Theorem. In an associative groupoid the relation ‘x is a left factor of y’ is transitive. Proof: Write the relation x F y, meaning y = xOk for some k, then if also y F z this means z = yOh for some h. So z = (xOk)Oh = xO(kOh) by association, so x F z. This remains true if we postulate only reducibilty (?) instead of associativity.
Corollary: If in an associative groupoid x and y is each a left factor of the other, then by transitivity, each is a factor of itself, i.e. each possesses at least one right identifier of itself.

Associativity with Identity

Theorem. In an associative groupoid with primitive (?) identity and no partial identifiers the relation ‘x is a left factor of y’ is an order relation. Proof: Transitivity follows from associativity as shown above. Antisymmetry follows since if x F y and y F x then y = xOh and x = yOk for some h and k; hence x = (xOh)Ok = xO(hOk) so hOk = e (since e is the only identifier); but e is primitive, so either h = e or k = e or both. In any case x = y. Reflexivity follows from the existence of the identity: x = xOe for all x.
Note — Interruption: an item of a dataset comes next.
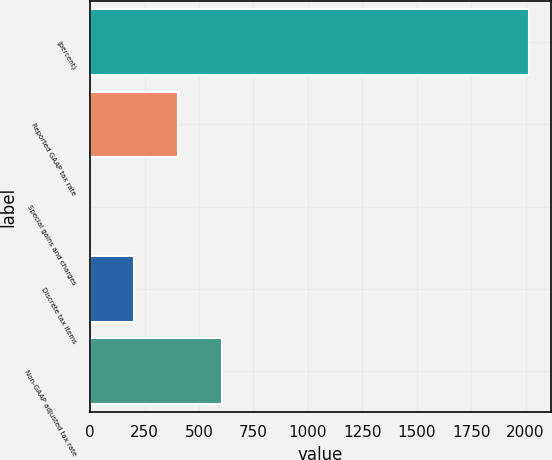<chart> <loc_0><loc_0><loc_500><loc_500><bar_chart><fcel>(percent)<fcel>Reported GAAP tax rate<fcel>Special gains and charges<fcel>Discrete tax items<fcel>Non-GAAP adjusted tax rate<nl><fcel>2015<fcel>403.32<fcel>0.4<fcel>201.86<fcel>604.78<nl></chart> 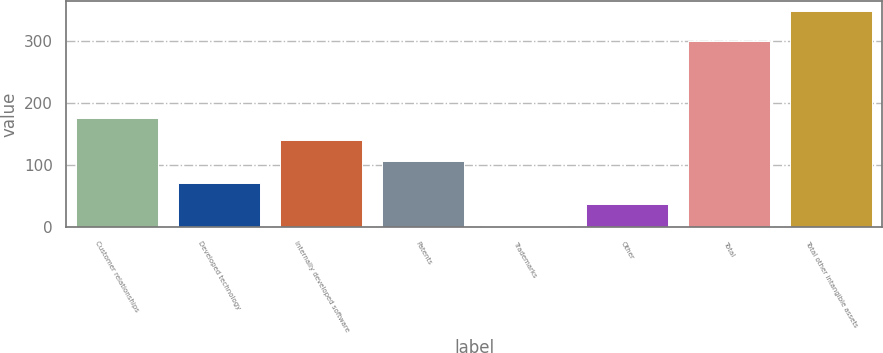Convert chart to OTSL. <chart><loc_0><loc_0><loc_500><loc_500><bar_chart><fcel>Customer relationships<fcel>Developed technology<fcel>Internally developed software<fcel>Patents<fcel>Trademarks<fcel>Other<fcel>Total<fcel>Total other intangible assets<nl><fcel>175.4<fcel>71.72<fcel>140.84<fcel>106.28<fcel>2.6<fcel>37.16<fcel>299.7<fcel>348.2<nl></chart>

Theorem. In an associative groupoid, if every element x has a unique right identifier x* then x* is idempotent and is the right identifier also of all elements of the forms bOx or bOx*. Proof: (1) x = xOx* = xO(x*Ox**) = (xOx*)Ox** = xOx** hence x** = x* and x*Ox* = x*. (2) bOx = bO(xOx*) = (bOx)Ox*. (3) bOx* = bO(x*Ox*) = (bOx*)Ox*.

Associo-Commutativity

If all elements are associative and commutative then the O-combination of any set of elements A is uniquely defined, and we can introduce notations such as OA = O{a,b,c,...} for this value.
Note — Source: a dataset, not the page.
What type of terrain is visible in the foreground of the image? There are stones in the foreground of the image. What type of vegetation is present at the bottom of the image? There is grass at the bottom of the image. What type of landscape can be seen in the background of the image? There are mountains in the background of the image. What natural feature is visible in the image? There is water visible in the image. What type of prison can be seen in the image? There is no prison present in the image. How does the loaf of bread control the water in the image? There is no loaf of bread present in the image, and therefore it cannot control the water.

Theorem. An inner commutative groupoid with identity is associative and commutative. Proof: (a) In the inner commutative law replace the two outer elements by the identity, this gives the commutative law. (b) In the inner commutative law replace one of the central elements by the identity, this gives the associative law.

Distributivity

An operator P is said to be linear with respect to an operationOif P(aOb) = (Pa)O(Pb) for all a and b.

An operation X is said to be distributive with respect to an operationO if p X (aOb) = (p X a)O(p X b), in other words the operator pX is linear for each p.

If distributivity applies on left and right we get (aOb) X (cOd) = [(aOb) X c]O[(aOb) X d] = [(a X c)O(b X c)]O[(a X d)O(b X d)] and (aOb) X (cOd) = [a X (cOd)]O[b X (cOd)] = [(a X c)O(a X d)]O[(b X c)O(b X d)]. hence [(a X c)O(b X c)]O[(a X d)O(b X d)] = [(a X c)O(a X d)]O[(b X c)O(b X d)].